Farthing / Feoirling
- Value: 1⁄4d penny
- Mass: 2.83495 g
- Diameter: 20.2 mm (51⁄64 in or 0.796875 in) mm
- Thickness: 1.52 mm (1⁄16 in or 0.0625 in) mm
- Edge: Plain
- Composition: Bronze (95.5% copper, 3% tin, 1.5% zinc)
- Years of minting: 1928–1966
- Catalog number: —

Obverse
- Design: Irish harp
- Design date: 1928

Reverse
- Design: Woodcock
- Designer: Percy Metcalfe
- Design date: 1928

= Farthing (Irish coin) =

Denomination of the pre-decimal Irish pound

The farthing (1/4d) (feoirling) was the lowest value coin of the pre-decimal Irish pound, worth a quarter of a penny, 1/48 of a shilling or 1/960 of a pound. The coin had lost much of its value through inflation long before decimalisation in 1971, and during the 1960s no farthings were produced for general circulation; those minted in 1966 were produced for collectors' sets.

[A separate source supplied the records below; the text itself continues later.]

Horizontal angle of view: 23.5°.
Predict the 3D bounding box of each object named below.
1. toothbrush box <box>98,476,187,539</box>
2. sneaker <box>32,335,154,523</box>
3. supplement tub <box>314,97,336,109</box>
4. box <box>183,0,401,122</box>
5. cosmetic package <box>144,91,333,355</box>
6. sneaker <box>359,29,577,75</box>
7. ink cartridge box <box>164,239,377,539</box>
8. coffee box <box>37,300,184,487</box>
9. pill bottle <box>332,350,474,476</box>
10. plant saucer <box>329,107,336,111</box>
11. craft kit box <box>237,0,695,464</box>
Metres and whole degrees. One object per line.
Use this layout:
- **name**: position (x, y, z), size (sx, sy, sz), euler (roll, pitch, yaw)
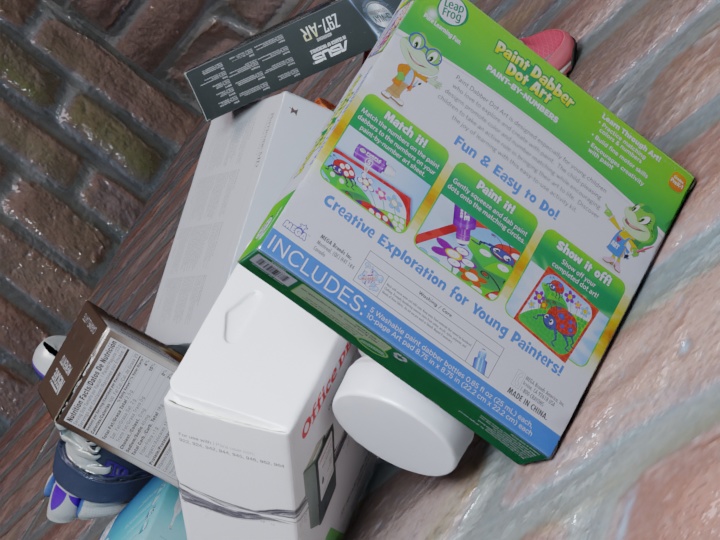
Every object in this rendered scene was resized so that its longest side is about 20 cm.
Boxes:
- **toothbrush box**: position (-0.165, 0.255, 1.334), size (0.146, 0.085, 0.201), euler (-46, 13, 35)
- **sneaker**: position (-0.221, 0.142, 1.396), size (0.147, 0.080, 0.200), euler (-58, -30, 3)
- **supplement tub**: position (-0.064, -0.067, 1.757), size (0.201, 0.122, 0.123), euler (-53, 12, 9)
- **box**: position (-0.019, -0.190, 1.363), size (0.199, 0.044, 0.160), euler (-21, 11, 28)
- **cosmetic package**: position (-0.096, -0.030, 1.345), size (0.151, 0.051, 0.202), euler (-6, 65, 66)
- **sneaker**: position (0.087, -0.167, 1.380), size (0.199, 0.087, 0.074), euler (-23, 25, -20)
- **ink cartridge box**: position (-0.050, 0.102, 1.098), size (0.201, 0.083, 0.146), euler (88, -159, -47)
- **coffee box**: position (-0.129, 0.111, 1.279), size (0.080, 0.199, 0.114), euler (-60, 18, -2)
- **pill bottle**: position (0.063, 0.019, 1.046), size (0.201, 0.112, 0.112), euler (-60, 13, -26)
- **plant saucer**: position (0.025, -0.095, 1.428), size (0.198, 0.048, 0.200), euler (-20, 23, -12)
- **craft kit box**: position (0.064, -0.030, 0.964), size (0.198, 0.199, 0.048), euler (-57, 11, -20)

The coins officially measured 0.796875 in in diameter and weighed 2.83495 grams (1/10 oz). The bronze coin is (was) made up of 95.5% copper, 3% tin and 1.5% zinc. It was introduced in 1928 to replace the British farthing and ceased to be legal tender on 1 August 1969. As the Irish pound was pegged to the British pound until 1979, the Irish farthing had the same dimensions and weight as the British version.

The reverse design featuring a woodcock was by English artist Percy Metcalfe. The obverse featured the Irish harp. From 1928 through 1937 the date was split either side of the harp with the name Saorstát Éireann circling around. From 1938 through 1966 the inscription changed to Éire on the left of the harp and the date on the right. The woodcock was reused on the decimal 50p coin introduced in 1970.

Ireland is one of only four nations (the others being Britain, South Africa, and Jamaica) to issue farthing coins in the 20th century.

Irish farthings, like all non-current Irish coins, may be redeemed for euros at the Central Bank of Ireland in Dublin. Due to its slight value (€0.00132), several must be redeemed to have any return at all.